Dalam dua minggu aku akan menikah dengannya, lebih tepatnya dipaksa menikah. Setelah tamu satu mobil itu pulang aku mengunci diriku di kamar. Aku menangis sejadi-jadinya. Kenapa masa depanku menjadi seperti ini. Kenapa aku harus menikah dengan tua bangka atas nama kehormatan keluarga. Kehormatan yang mana yang harus aku bela. Kenapa harus aku yang tak tahu apa-apa menjadi yang paling bertanggung jawab. Ada apa sebenarnya.

Surat resmi dari sekolah masih ada di dalam tasku. Itu adalah surat undangan dari Kampus di Yogyakarta. Aku mendapat beasiswa Bidikmisi jurusan kebidanan. Bukankah itu suatu yang membanggakan. Kenapa langkahku justru dihentikan oleh pernikahan tak lazim ini.

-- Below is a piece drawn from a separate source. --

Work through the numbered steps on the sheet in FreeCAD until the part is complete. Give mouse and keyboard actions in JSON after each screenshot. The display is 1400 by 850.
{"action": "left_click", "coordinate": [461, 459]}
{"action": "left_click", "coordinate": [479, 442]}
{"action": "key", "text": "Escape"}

Aku menumpahkan marahku dalam kamar kecil itu. Mataku sampai membengkak karena semalaman hanya menangisi nasib. Kepalaku pusing. Keningku hangat. Tapi aku tidak sakit. Aku tahu bagaimana aku harus lepas dari perjodohan gila ini. Aku mencari obat-obat di kulkas, tinggal sirup, obat tablet tak ada. Aku ingat masih ada obat demam di lemariku. Kukumpulkan semua obat yang ada di rumah ini. Aku tidak sakit, obat-obatan ini adalah untuk mengakhiri semuanya. Ya, aku akan bunuh diri. Dengan begitu aku tidak akan menikah dengan pria tua itu.

Aku keluar dari kamar untuk mengambil minum. Tak sengaja lewat depan kamar Bapak, Ibuku menangis. Sama kerasnya dengan tangisku semalam. Aku berhenti di sana beberapa saat.

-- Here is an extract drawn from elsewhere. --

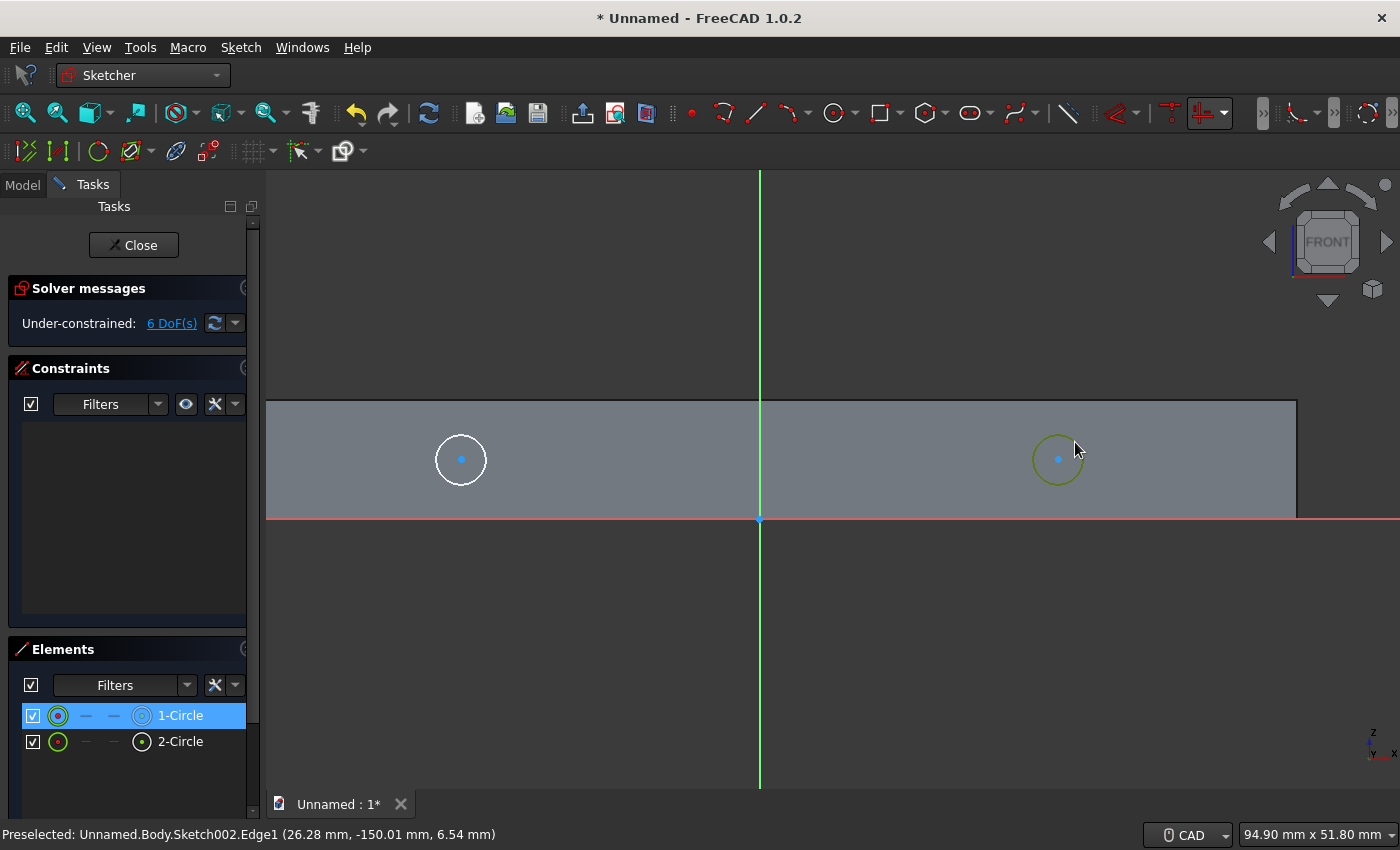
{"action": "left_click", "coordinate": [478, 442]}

"Azimah.....nasibmu Nduk..." Hanya itu kata-kata yang keluar dari mulut Ibuku. Bapakku hanya memeluk Ibuku. Mereka berdua menangis.

Aku memberanikan diri masuk ke dalam kamar yang tidak dikunci itu. Bapak Ibuku kaget dengan kedatanganku. Aku berlutut di depan mereka.

"Bapak....Ibu...." Kataku bergetar.

Mereka menyuruhku mendekat lalu mendekapku dalam peluk mereka. Inilah alasan pernikahan kami. Mereka menjelaskan dengan terperinci.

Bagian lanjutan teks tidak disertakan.